How to import a corpus from EXMARaLDA

We will import an example corpus from the ANNIS demo corpus page, the so-called "dialog.demo" corpus, a sample from the BeMaTaC corpus.

  1. Go to https://corpus-tools.org/annis/corpora.html.
  2. Download the corpus named "dialog.demo" in the EXMARaLDA format.
  3. Unzip the file to a folder of your choice
  4. The folder will have a structure with the root corpus as folder and a single .exb file containing a document. The video file next to it will be linked with the document, but Hexatomic can not yet play video files.
dialog.demo/
├── dialog.demo.exb
└── dialog.demo.webm
  1. Choose the Import entry in the File menu.

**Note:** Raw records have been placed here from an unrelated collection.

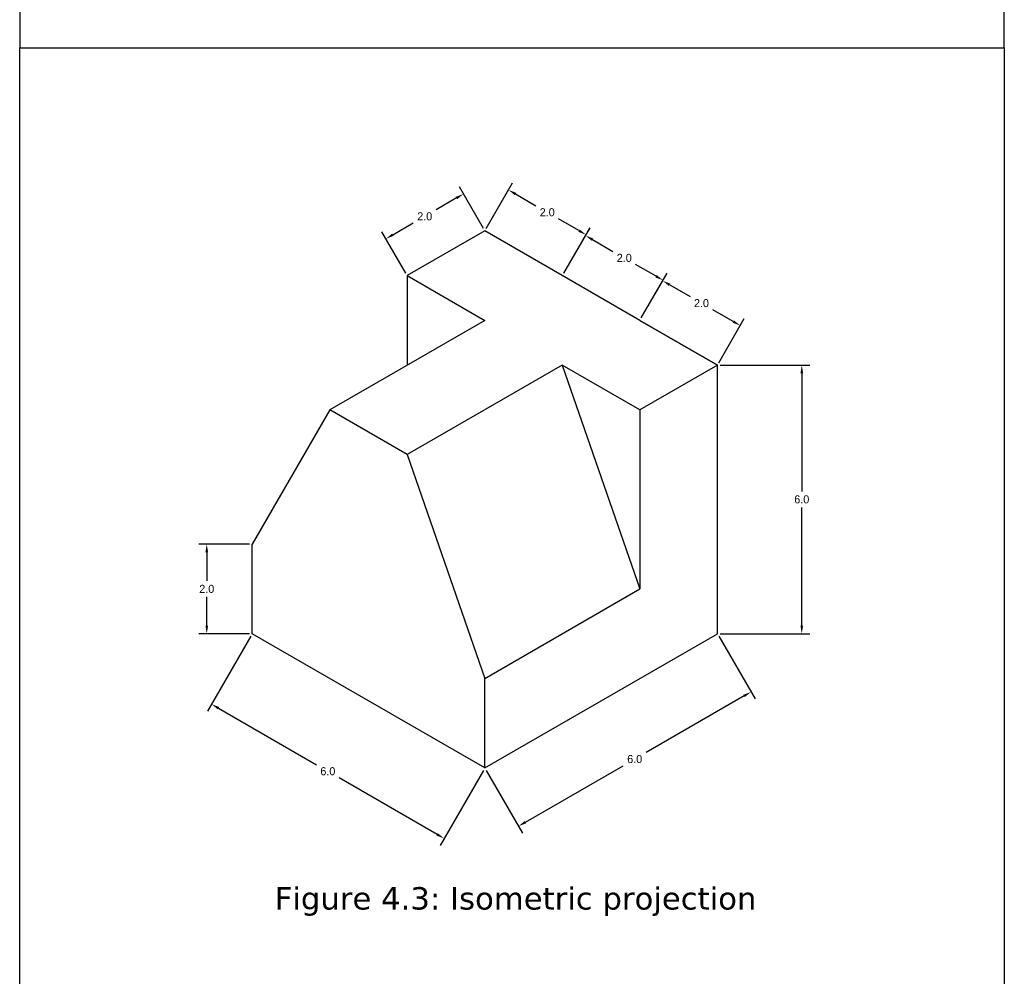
# Model space of a CAD drawing. Header units: millimetres. Extents: x 106 to 129, y -87 to 45.
# Tile 3 of 5: x 106 to 128, y -20 to 2. Entities that reach past the tile are written whole.
import ezdxf

# ---------------------------------------------------------------- set-up
doc = ezdxf.new("R2010")
doc.units = ezdxf.units.MM
doc.header["$MEASUREMENT"] = 0
doc.layers.add('L1', color=2, linetype='Continuous', lineweight=30)
doc.dimstyles.get("Standard").update_dxf_attribs({"dimtxt": 0.18, "dimasz": 0.18, "dimexe": 0.18, "dimexo": 0.0625, "dimgap": 0.09, "dimtad": 0, "dimtih": 1, "dimtoh": 1, "dimdec": 1, "dimzin": 0, "dimdsep": 46, "dimtxsty": 'Standard', "dimcen": 0.09, "dimadec": 0, "dimazin": 0, "dimtfac": 1, "dimtdec": 1, "dimtofl": 0, "dimtmove": 0, "dimatfit": 3, "dimfxl": 1, "dimtolj": 1, "dimtzin": 0, "dimarcsym": 0})

# ---------------------------------------------------------------- blocks, each defined once
blk = doc.blocks.new('*D274')
at = {"layer": 'Defpoints', "color": 0}
for p in [(116.892, -3.094), (119.153, -3.179), (118.624, -4.094)]:
    blk.add_point(p, dxfattribs=at)
at = {"layer": 'L1', "color": 0, "lineweight": -2}
for p, q in [((116.923, -3.04), (117.511, -2.023)), ((117.577, -2.269), (118.032, -2.532)), ((118.997, -3.089), (118.542, -2.826)), ((118.655, -4.04), (119.243, -3.023))]:
    blk.add_line(p, q, dxfattribs=at)
at = {"layer": 'L1', "color": 0}
for points in [[(117.592, -2.243), (117.562, -2.295), (117.421, -2.179)], [(119.012, -3.063), (118.982, -3.115), (119.153, -3.179)]]:
    blk.add_solid(points, dxfattribs=at)
at = {"layer": 'L1', "color": 0, "insert": (118.287, -2.679), "char_height": 0.18, "attachment_point": 5}
blk.add_mtext('\\A1;2.0', dxfattribs=at)
blk = doc.blocks.new('*D275')
at = {"layer": 'Defpoints', "color": 0}
for p in [(118.624, -4.094), (120.874, -4.198), (120.356, -5.094)]:
    blk.add_point(p, dxfattribs=at)
at = {"layer": 'L1', "color": 0, "lineweight": -2}
for p, q in [((118.655, -4.04), (119.232, -3.042)), ((119.298, -3.288), (119.753, -3.551)), ((120.718, -4.108), (120.263, -3.845)), ((120.387, -5.04), (120.964, -4.042))]:
    blk.add_line(p, q, dxfattribs=at)
at = {"layer": 'L1', "color": 0}
for points in [[(119.313, -3.262), (119.283, -3.314), (119.142, -3.198)], [(120.733, -4.082), (120.703, -4.134), (120.874, -4.198)]]:
    blk.add_solid(points, dxfattribs=at)
at = {"layer": 'L1', "color": 0, "insert": (120.008, -3.698), "char_height": 0.18, "attachment_point": 5}
blk.add_mtext('\\A1;2.0', dxfattribs=at)
blk = doc.blocks.new('*D276')
at = {"layer": 'Defpoints', "color": 0}
for p in [(120.356, -5.094), (122.6, -5.209), (122.088, -6.094)]:
    blk.add_point(p, dxfattribs=at)
at = {"layer": 'L1', "color": 0, "lineweight": -2}
for p, q in [((120.387, -5.04), (120.957, -4.053)), ((121.023, -4.299), (121.478, -4.561)), ((122.444, -5.119), (121.988, -4.856)), ((122.119, -6.04), (122.69, -5.053))]:
    blk.add_line(p, q, dxfattribs=at)
at = {"layer": 'L1', "color": 0}
for points in [[(121.038, -4.273), (121.008, -4.325), (120.867, -4.209)], [(122.459, -5.093), (122.429, -5.145), (122.6, -5.209)]]:
    blk.add_solid(points, dxfattribs=at)
at = {"layer": 'L1', "color": 0, "insert": (121.733, -4.709), "char_height": 0.18, "attachment_point": 5}
blk.add_mtext('\\A1;2.0', dxfattribs=at)
blk = doc.blocks.new('*D277')
at = {"layer": 'Defpoints', "color": 0}
for p in [(122.088, -6.094), (122.088, -12.094), (123.975, -12.094)]:
    blk.add_point(p, dxfattribs=at)
at = {"layer": 'L1', "color": 0, "lineweight": -2}
for p, q in [((122.151, -6.094), (124.155, -6.094)), ((123.975, -6.274), (123.975, -8.914)), ((123.975, -11.914), (123.975, -9.274)), ((122.151, -12.094), (124.155, -12.094))]:
    blk.add_line(p, q, dxfattribs=at)
at = {"layer": 'L1', "color": 0}
for points in [[(123.945, -6.274), (124.005, -6.274), (123.975, -6.094)], [(123.945, -11.914), (124.005, -11.914), (123.975, -12.094)]]:
    blk.add_solid(points, dxfattribs=at)
at = {"layer": 'L1', "color": 0, "insert": (123.975, -9.094), "char_height": 0.18, "attachment_point": 5}
blk.add_mtext('\\A1;6.0', dxfattribs=at)
blk = doc.blocks.new('*D278')
at = {"layer": 'Defpoints', "color": 0}
for p in [(122.088, -12.094), (116.892, -15.094), (117.644, -16.396)]:
    blk.add_point(p, dxfattribs=at)
at = {"layer": 'L1', "color": 0, "lineweight": -2}
for p, q in [((122.119, -12.148), (122.93, -13.552)), ((122.684, -13.486), (120.497, -14.749)), ((116.923, -15.148), (117.734, -16.552)), ((117.8, -16.306), (119.987, -15.044))]:
    blk.add_line(p, q, dxfattribs=at)
at = {"layer": 'L1', "color": 0}
for points in [[(122.669, -13.46), (122.699, -13.512), (122.84, -13.396)], [(117.785, -16.28), (117.815, -16.332), (117.644, -16.396)]]:
    blk.add_solid(points, dxfattribs=at)
at = {"layer": 'L1', "color": 0, "insert": (120.242, -14.896), "char_height": 0.18, "attachment_point": 5}
blk.add_mtext('\\A1;6.0', dxfattribs=at)
blk = doc.blocks.new('*D279')
at = {"layer": 'Defpoints', "color": 0}
for p in [(111.696, -10.094), (110.68, -12.094), (111.696, -12.094)]:
    blk.add_point(p, dxfattribs=at)
at = {"layer": 'L1', "color": 0, "lineweight": -2}
for p, q in [((111.633, -10.094), (110.5, -10.094)), ((110.68, -10.274), (110.68, -10.914)), ((110.68, -11.914), (110.68, -11.274)), ((111.633, -12.094), (110.5, -12.094))]:
    blk.add_line(p, q, dxfattribs=at)
at = {"layer": 'L1', "color": 0}
for points in [[(110.65, -10.274), (110.71, -10.274), (110.68, -10.094)], [(110.65, -11.914), (110.71, -11.914), (110.68, -12.094)]]:
    blk.add_solid(points, dxfattribs=at)
at = {"layer": 'L1', "color": 0, "insert": (110.68, -11.094), "char_height": 0.18, "attachment_point": 5}
blk.add_mtext('\\A1;2.0', dxfattribs=at)
blk = doc.blocks.new('*D280')
at = {"layer": 'Defpoints', "color": 0}
for p in [(111.696, -12.094), (116.892, -15.094), (115.983, -16.669)]:
    blk.add_point(p, dxfattribs=at)
at = {"layer": 'L1', "color": 0, "lineweight": -2}
for p, q in [((111.665, -12.148), (110.697, -13.824)), ((110.943, -13.759), (113.13, -15.021)), ((116.861, -15.148), (115.893, -16.824)), ((115.827, -16.579), (113.64, -15.316))]:
    blk.add_line(p, q, dxfattribs=at)
at = {"layer": 'L1', "color": 0}
for points in [[(110.958, -13.733), (110.928, -13.785), (110.787, -13.669)], [(115.842, -16.553), (115.812, -16.605), (115.983, -16.669)]]:
    blk.add_solid(points, dxfattribs=at)
at = {"layer": 'L1', "color": 0, "insert": (113.385, -15.169), "char_height": 0.18, "attachment_point": 5}
blk.add_mtext('\\A1;6.0', dxfattribs=at)
blk = doc.blocks.new('*D281')
at = {"layer": 'Defpoints', "color": 0}
for p in [(116.416, -2.269), (116.892, -3.094), (115.16, -4.094)]:
    blk.add_point(p, dxfattribs=at)
at = {"layer": 'L1', "color": 0, "lineweight": -2}
for p, q in [((116.861, -3.04), (116.326, -2.113)), ((116.26, -2.359), (115.805, -2.622)), ((114.839, -3.179), (115.295, -2.916)), ((115.129, -4.04), (114.594, -3.113))]:
    blk.add_line(p, q, dxfattribs=at)
at = {"layer": 'L1', "color": 0}
for points in [[(116.245, -2.333), (116.275, -2.385), (116.416, -2.269)], [(114.824, -3.153), (114.854, -3.205), (114.684, -3.269)]]:
    blk.add_solid(points, dxfattribs=at)
at = {"layer": 'L1', "color": 0, "insert": (115.55, -2.769), "char_height": 0.18, "attachment_point": 5}
blk.add_mtext('\\A1;2.0', dxfattribs=at)
blk = doc.blocks.new('c')
at = {"layer": 'L1'}
for p, q in [((116.892, -3.094), (115.16, -4.094)), ((118.624, -4.094), (116.892, -3.094)), ((115.16, -4.094), (116.892, -5.094)), ((115.16, -4.094), (115.16, -6.094)), ((120.356, -5.094), (118.624, -4.094)), ((116.892, -5.094), (113.428, -7.094)), ((122.088, -6.094), (120.356, -5.094)), ((120.356, -5.094), (122.088, -6.094)), ((118.624, -6.094), (115.16, -8.094)), ((120.356, -7.094), (118.624, -6.094)), ((118.624, -6.094), (120.356, -11.094)), ((122.088, -6.094), (120.356, -7.094)), ((122.088, -12.094), (122.088, -6.094)), ((113.428, -7.094), (111.696, -10.094)), ((115.16, -8.094), (113.428, -7.094)), ((120.356, -7.094), (120.356, -11.094)), ((115.16, -8.094), (116.892, -13.094)), ((111.696, -12.094), (111.696, -10.094)), ((116.892, -13.094), (120.356, -11.094)), ((116.892, -15.094), (111.696, -12.094)), ((116.892, -15.094), (122.088, -12.094)), ((116.892, -15.094), (116.892, -13.094))]:
    blk.add_line(p, q, dxfattribs=at)
for p1, p2, distance, picture, middle in [((115.16, -4.094), (116.892, -3.094), 0.953, '*D281', (115.55, -2.769)), ((116.892, -3.094), (118.624, -4.094), 1.057, '*D274', (118.287, -2.679)), ((118.624, -4.094), (120.356, -5.094), 1.035, '*D275', (120.008, -3.698)), ((120.356, -5.094), (122.088, -6.094), 1.023, '*D276', (121.733, -4.709)), ((122.088, -6.094), (122.088, -12.094), 1.887, '*D277', (123.975, -9.094)), ((111.696, -10.094), (111.696, -12.094), -1.016, '*D279', (110.68, -11.094)), ((111.696, -12.094), (116.892, -15.094), -1.818, '*D280', (113.385, -15.169)), ((122.088, -12.094), (116.892, -15.094), 1.504, '*D278', (120.242, -14.896))]:
    dim = blk.add_aligned_dim(p1=p1, p2=p2, distance=distance, dimstyle='Standard', dxfattribs=at)
    dim.commit()
    dim.dimension.update_dxf_attribs({"geometry": picture, "text_midpoint": middle})

msp = doc.modelspace()

# ---------------------------------------------------------------- linework, layer by layer
at = {"layer": 'L1'}
for points in [[(106.5, 1), (128.5, 1), (128.5, 23), (106.5, 23)], [(106.5, 1), (128.5, 1), (128.5, -21), (106.5, -21)]]:
    msp.add_lwpolyline(points, close=True, dxfattribs=at)

# ---------------------------------------------------------------- block references
msp.add_blockref('c', (0, 0), dxfattribs=at)

# ---------------------------------------------------------------- texts
at = {"layer": 'L1', "lineweight": 25, "insert": (112.198, -18.079), "char_height": 0.5, "width": 12.2222, "attachment_point": 4}
msp.add_mtext('{\\fVerdana Pro|b0|i0|c0|p34;Figure 4.3: Isometric projection}', dxfattribs=at)

doc.saveas('drawing.dxf')

  2. Click on the button with the ... caption and navigate to the unzipped dialog.demo folder. Then click on Next. Select a corpus folder in the import wizard
  3. The importer should correctly identify this corpus as "EXMARALDA format (*.exb)". Click on Finish to import the corpus. Format selection wizard step
  4. Expand the corpus structure in the "Corpus Structure" view and right-click on the "dialog.demo" document, select "Open with Grid Editor". Choose "phon0" as data source to show the token and span annotations for the first speaker. Grid editor with the openend document
  5. You can now continue to work with the imported data in the Grid Editor.